Bupati juga mengatakan soal kebijakan WFH dan Efesiensi Energi. Sejalan dengan kebijakan pemerintah pusat, saat ini tengah menghadapi tantangan global termasuk krisis energi yang berdampak pada mengingatnya kebutuhan efesien khususnya dalam penggunaan bahan bakar.
“Karena itu, Pemerintah Kabupaten Sumedang menerapkan kebijakan Flexible Working Arrangement termasuk pelaksanaan Work From Home (WFH) setiap hari Jumat sebagai efesiensi énérgi. Saya tegaskan bahwa WFH bukan berarti menurunkan kinerja melainkan harus dimaknai sebagai upaya untuk tetap produktif, terukur dan bertanggung jawab dengan berbasis pada capaian kinerja dengan pelayanan masyarakat harus tetap berjalan optimal tanpa kendala,”tegasnya.
Tidak hanya itu, dengan Gerakan Transfortasi Umum dan Efesien dengan WFH juga melakukan langkah konkrit melalui penyesuaian penggunaan kendaraan bermotor di lingkungan ASN. Pembatasan penggunaan dinas maksimal 50% pada hari Senin, Selasa dan Kamis, Penggunaan Transportasi Umum pada hari Rabu serta tetap diberlakukannya penggunaan angkutan umum pada hari Jumat.
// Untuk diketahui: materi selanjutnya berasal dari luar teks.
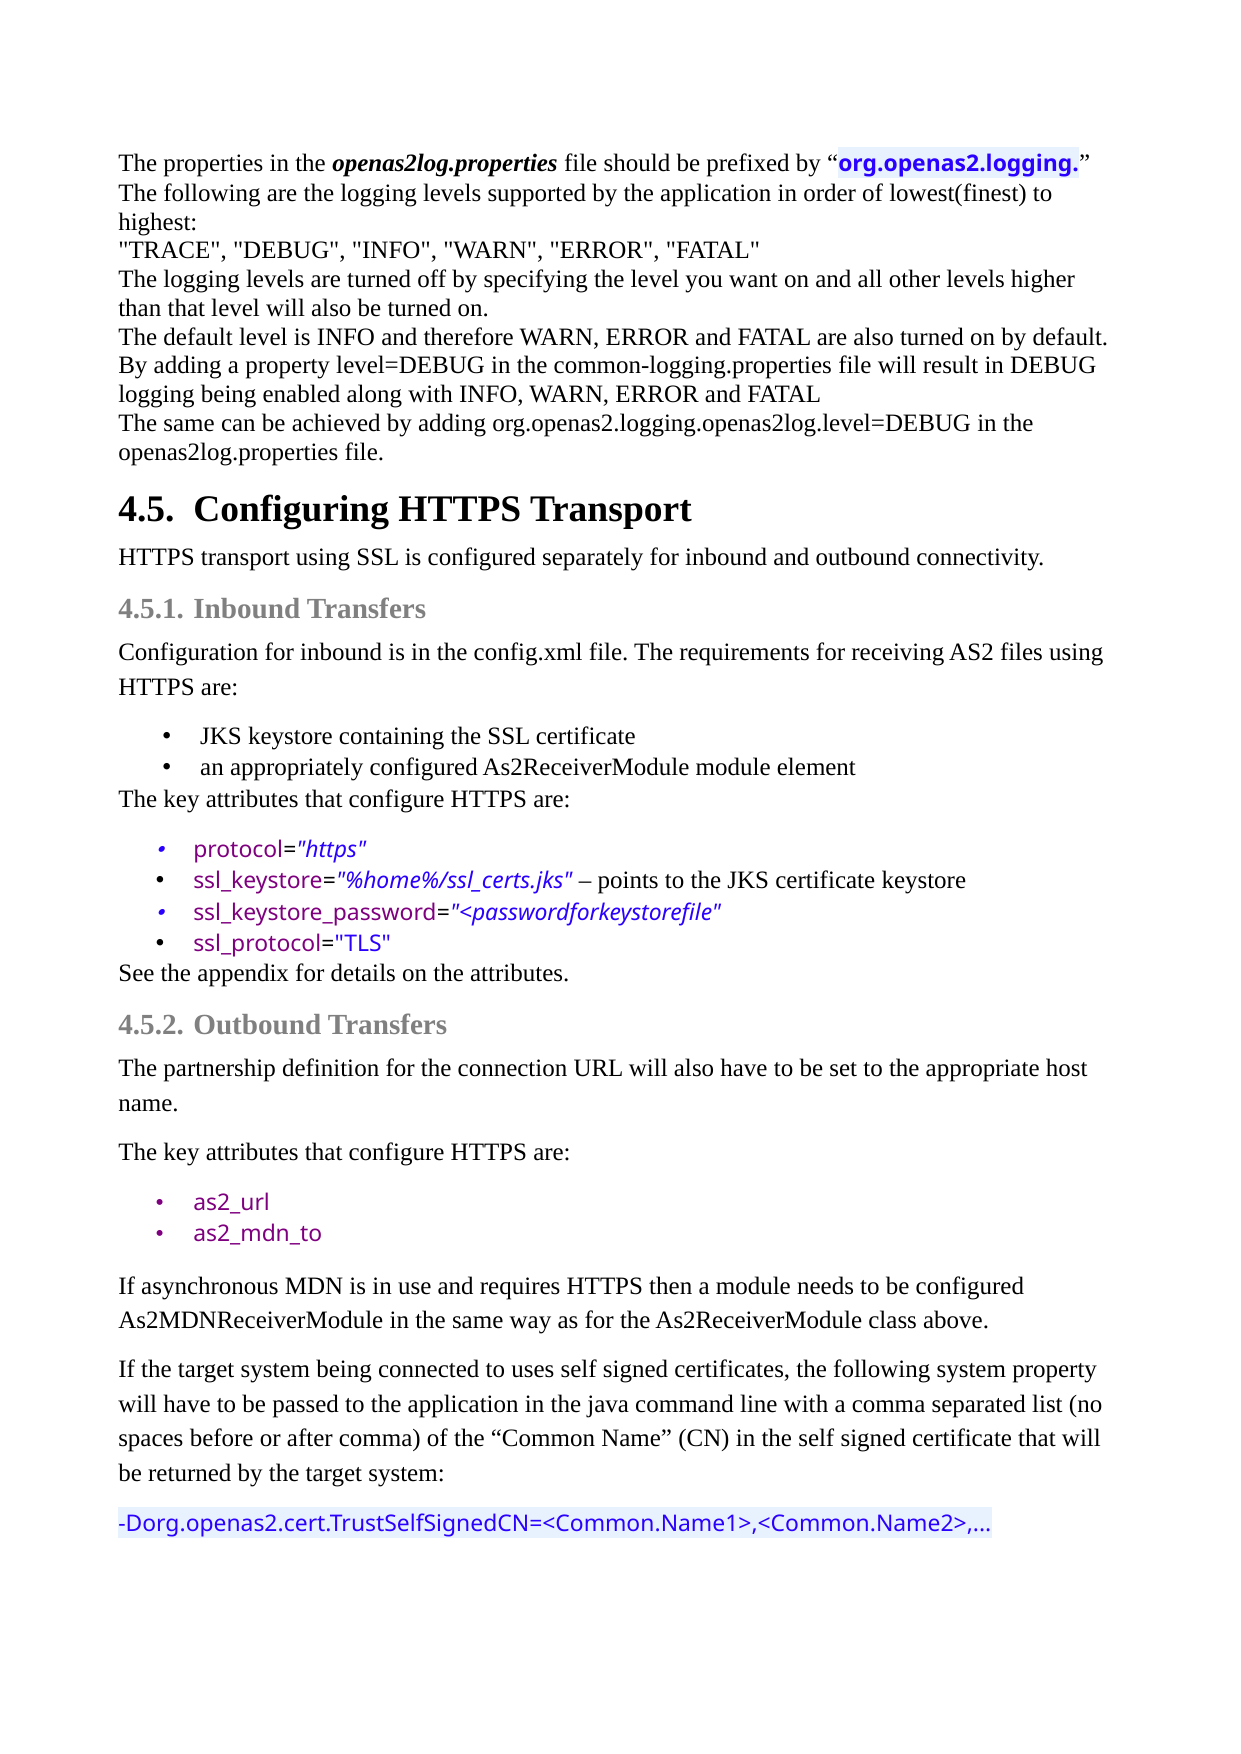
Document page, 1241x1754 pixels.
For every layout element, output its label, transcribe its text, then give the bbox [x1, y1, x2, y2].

list protocol="https" [156, 833, 1122, 864]
list ssl_keystore_password="<passwordforkeystorefile" [156, 896, 1122, 927]
text Configuration for inbound is in the config.xml file. The requirements for receiving AS2 files using HTTPS are: [118, 637, 1122, 700]
text -Dorg.openas2.cert.TrustSelfSignedCN=<Common.Name1>,<Common.Name2>,... [118, 1507, 1122, 1538]
list JKS keystore containing the SSL certificate [162, 721, 1122, 749]
text The properties in the openas2log.properties file should be prefixed by “org.openas2.logging.” [118, 147, 1122, 178]
list ssl_keystore="%home%/ssl_certs.jks" – points to the JKS certificate keystore [156, 864, 1122, 896]
text The same can be achieved by adding org.openas2.logging.openas2log.level=DEBUG in the openas2log.properties file. [118, 408, 1122, 466]
text The following are the logging levels supported by the application in order of lowest(finest) to highest: [118, 178, 1122, 236]
text See the appendix for details on the attributes. [118, 958, 1122, 987]
text The key attributes that configure HTTPS are: [118, 1137, 1122, 1166]
list as2_url [156, 1186, 1122, 1217]
text If the target system being connected to uses self signed certificates, the following system property will have to be passed to the application in the java command line with a comma separated list (no spaces before or after comma) of the “Common Name” (CN) in the self signed certificate that will be returned by the target system: [118, 1354, 1122, 1487]
text The partnership definition for the connection URL will also have to be set to the appropriate host name. [118, 1053, 1122, 1116]
subtitle Outbound Transfers [118, 1007, 1122, 1041]
list ssl_protocol="TLS" [156, 927, 1122, 958]
text "TRACE", "DEBUG", "INFO", "WARN", "ERROR", "FATAL" [118, 236, 1122, 264]
text If asynchronous MDN is in use and requires HTTPS then a module needs to be configured As2MDNReceiverModule in the same way as for the As2ReceiverModule class above. [118, 1271, 1122, 1334]
text HTTPS transport using SSL is configured separately for inbound and outbound connectivity. [118, 542, 1122, 571]
subtitle Configuring HTTPS Transport [118, 486, 1122, 529]
list as2_mdn_to [156, 1217, 1122, 1248]
text The key attributes that configure HTTPS are: [118, 784, 1122, 813]
subtitle Inbound Transfers [118, 591, 1122, 625]
text By adding a property level=DEBUG in the common-logging.properties file will result in DEBUG logging being enabled along with INFO, WARN, ERROR and FATAL [118, 351, 1122, 408]
text The default level is INFO and therefore WARN, ERROR and FATAL are also turned on by default. [118, 322, 1122, 351]
text The logging levels are turned off by specifying the level you want on and all other levels higher than that level will also be turned on. [118, 264, 1122, 322]
list an appropriately configured As2ReceiverModule module element [162, 752, 1122, 781]

“Kebijakan ini merupakan bagian dari upaya efesiensi anggaran, pengendalian konsumsi énergi, pengurangan polusi serat membangun budaya hidup sehat. Maka dari saya mengajak, khsusunya saudara yang baru diangkat, untuk menjadi teladan dan pelopor dalam mendukung kebijakan ini.
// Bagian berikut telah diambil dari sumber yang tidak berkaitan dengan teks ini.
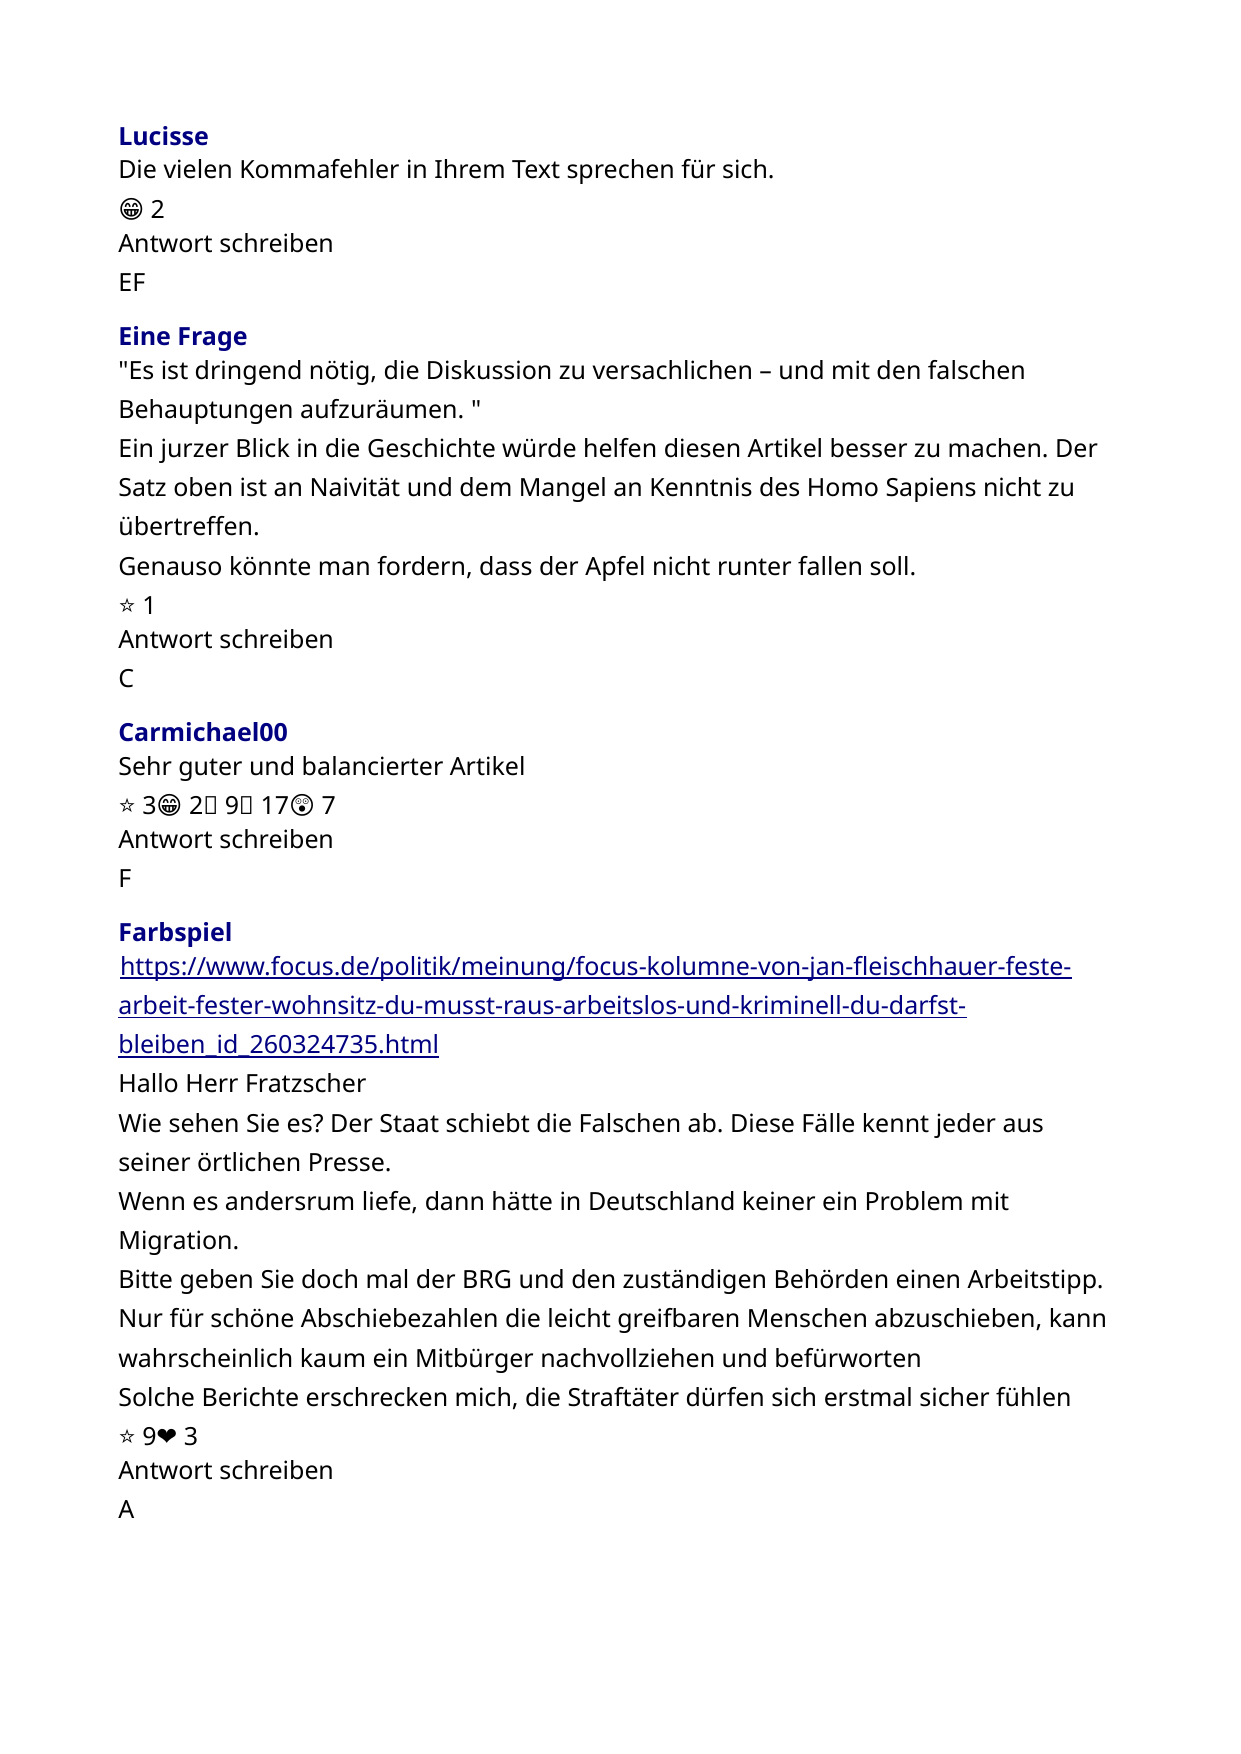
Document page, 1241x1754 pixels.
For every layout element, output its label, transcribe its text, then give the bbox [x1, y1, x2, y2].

text ⭐️ 1 [118, 587, 1122, 621]
text Genauso könnte man fordern, dass der Apfel nicht runter fallen soll. [118, 548, 1122, 582]
text Antwort schreiben [118, 225, 1122, 259]
subtitle Lucisse [118, 118, 1122, 152]
text EF [118, 264, 1122, 299]
text Antwort schreiben [118, 822, 1122, 856]
text https://www.focus.de/politik/meinung/focus-kolumne-von-jan-fleischhauer-feste-arbeit-fester-wohnsitz-du-musst-raus-arbeitslos-und-kriminell-du-darfst-bleiben_id_260324735.html [118, 949, 1122, 1061]
text A [118, 1492, 1122, 1526]
text Antwort schreiben [118, 1453, 1122, 1487]
text Solche Berichte erschrecken mich, die Straftäter dürfen sich erstmal sicher fühlen [118, 1379, 1122, 1413]
text "Es ist dringend nötig, die Diskussion zu versachlichen – und mit den falschen Behauptungen aufzuräumen. " [118, 352, 1122, 426]
text C [118, 661, 1122, 695]
text Sehr guter und balancierter Artikel [118, 748, 1122, 782]
text Hallo Herr Fratzscher [118, 1066, 1122, 1100]
text Wenn es andersrum liefe, dann hätte in Deutschland keiner ein Problem mit Migration. [118, 1184, 1122, 1257]
text ⭐️ 3😁 2🙁 9🤨 17😲 7 [118, 788, 1122, 822]
text ⭐️ 9❤️ 3 [118, 1419, 1122, 1453]
subtitle Farbspiel [118, 914, 1122, 949]
text 😁 2 [118, 191, 1122, 225]
text Die vielen Kommafehler in Ihrem Text sprechen für sich. [118, 152, 1122, 186]
text Antwort schreiben [118, 621, 1122, 656]
text F [118, 861, 1122, 895]
text Bitte geben Sie doch mal der BRG und den zuständigen Behörden einen Arbeitstipp. Nur für schöne Abschiebezahlen die leicht greifbaren Menschen abzuschieben, kann wahrscheinlich kaum ein Mitbürger nachvollziehen und befürworten [118, 1262, 1122, 1374]
subtitle Carmichael00 [118, 714, 1122, 748]
subtitle Eine Frage [118, 318, 1122, 352]
text Wie sehen Sie es? Der Staat schiebt die Falschen ab. Diese Fälle kennt jeder aus seiner örtlichen Presse. [118, 1105, 1122, 1178]
text Ein jurzer Blick in die Geschichte würde helfen diesen Artikel besser zu machen. Der Satz oben ist an Naivität und dem Mangel an Kenntnis des Homo Sapiens nicht zu übertreffen. [118, 431, 1122, 543]

Menjadi PNS adalah impian dan kesempatan yang tidak semua orang bisa memperolehnya, karena itu jalani dengan penuh rasa sukur dan buktikan melalui kinerja terbaik.
“Saudara adalah generasi penerus penyelenggaraan Pemerintah di Kabupaten Sumedang teruslah belajar tingkatkan kapasitas diri dan bangun etos kerja yang tinggi, tetap semangat, luruskan niat dan bekerjalah dengan tulus untuk masyarakat,”Harapnya.